(Exercise instructions) Look through the entries below and count the lines with the word "waartegen" in them; give only the number.

━━━━━━━━

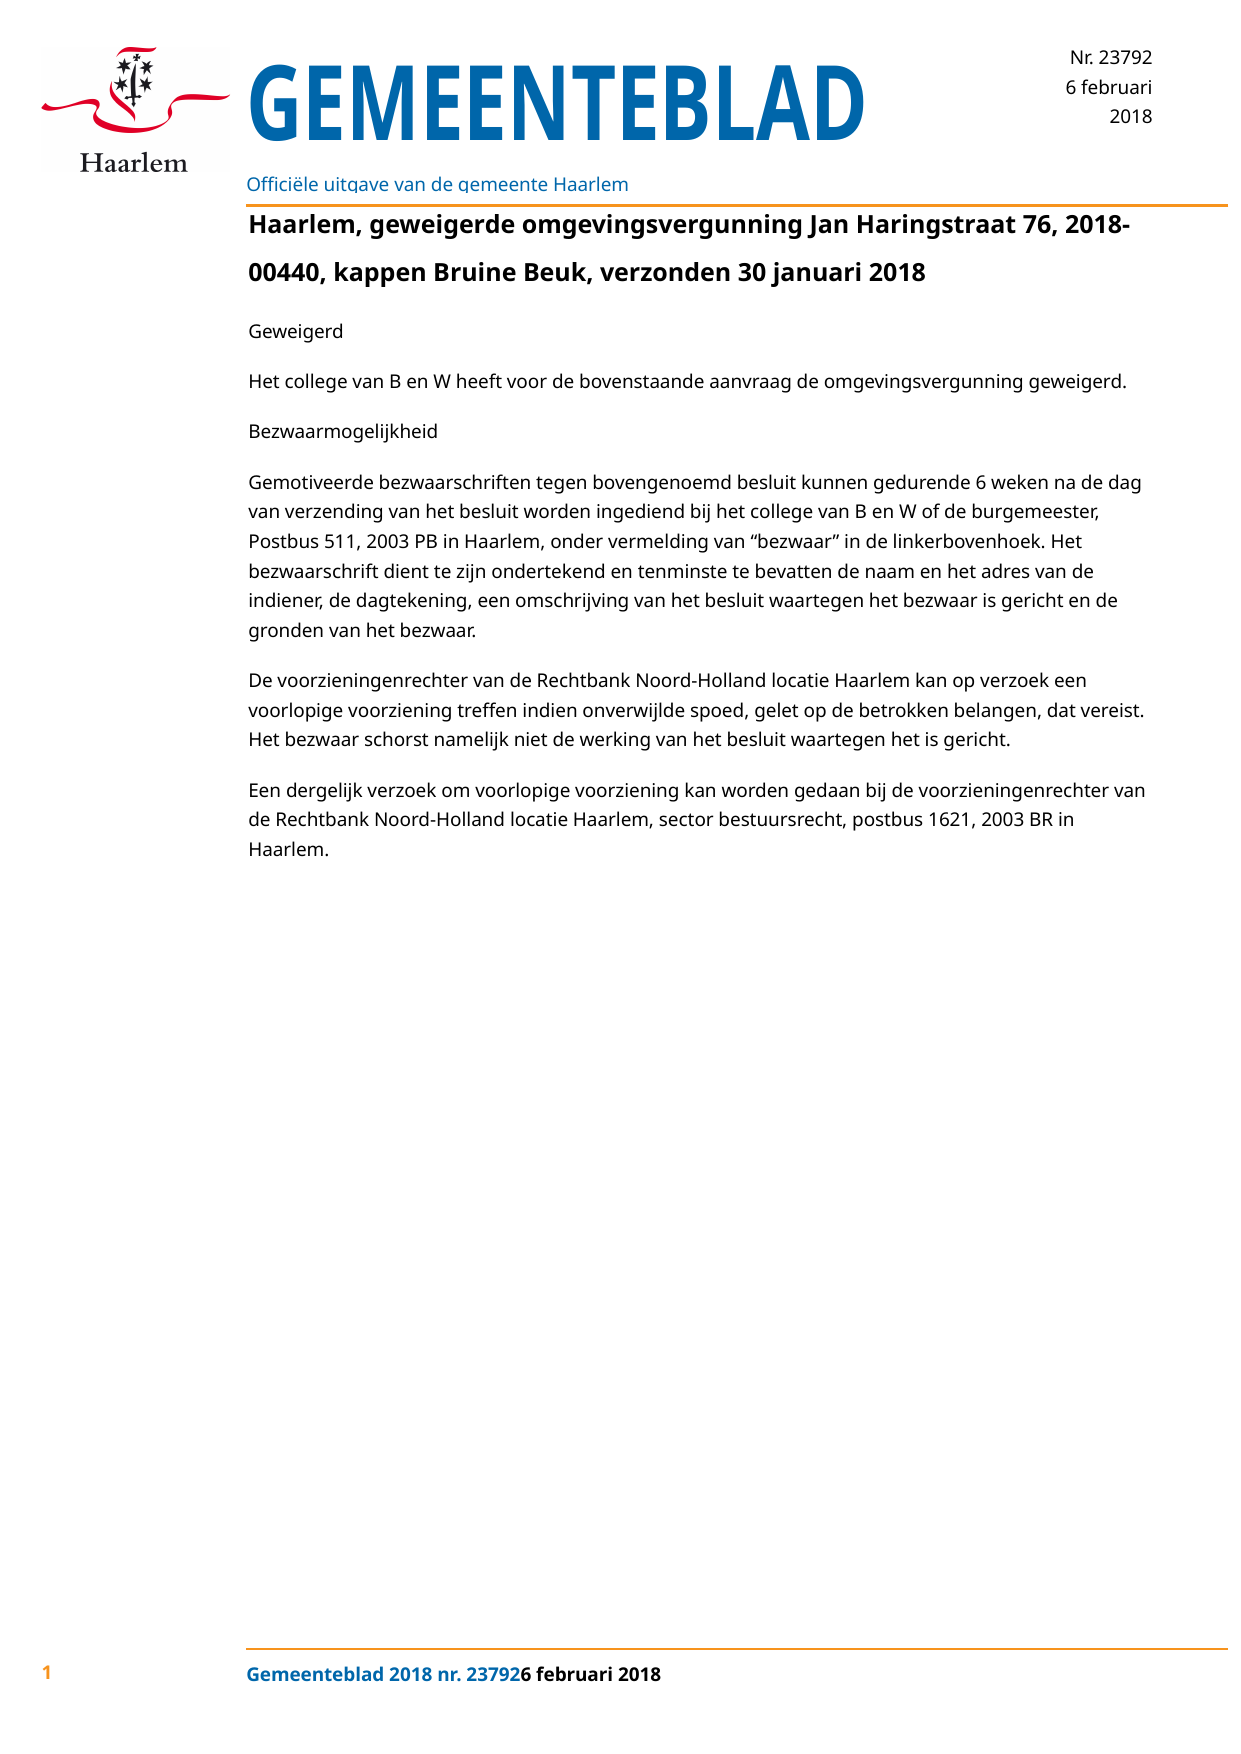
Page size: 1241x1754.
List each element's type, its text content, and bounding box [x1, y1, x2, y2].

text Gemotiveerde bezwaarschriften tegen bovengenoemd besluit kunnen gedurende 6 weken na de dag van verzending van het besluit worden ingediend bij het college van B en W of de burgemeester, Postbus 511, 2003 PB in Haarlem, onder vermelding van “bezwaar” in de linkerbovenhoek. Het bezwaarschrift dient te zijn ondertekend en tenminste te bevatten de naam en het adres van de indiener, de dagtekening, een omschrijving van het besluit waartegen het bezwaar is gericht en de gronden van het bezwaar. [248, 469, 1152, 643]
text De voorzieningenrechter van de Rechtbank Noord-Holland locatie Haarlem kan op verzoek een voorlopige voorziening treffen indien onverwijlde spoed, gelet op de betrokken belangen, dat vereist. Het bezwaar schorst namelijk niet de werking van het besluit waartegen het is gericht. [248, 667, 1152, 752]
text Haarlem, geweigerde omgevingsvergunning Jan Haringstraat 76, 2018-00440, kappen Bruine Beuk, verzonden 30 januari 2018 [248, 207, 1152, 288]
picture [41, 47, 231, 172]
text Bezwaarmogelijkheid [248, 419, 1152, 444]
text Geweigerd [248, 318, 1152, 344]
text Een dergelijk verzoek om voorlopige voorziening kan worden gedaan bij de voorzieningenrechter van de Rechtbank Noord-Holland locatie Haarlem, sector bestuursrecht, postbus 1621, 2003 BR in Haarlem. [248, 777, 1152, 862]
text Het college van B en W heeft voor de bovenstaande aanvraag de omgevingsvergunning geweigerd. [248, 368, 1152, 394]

━━━━━━━━

(Task answer) 2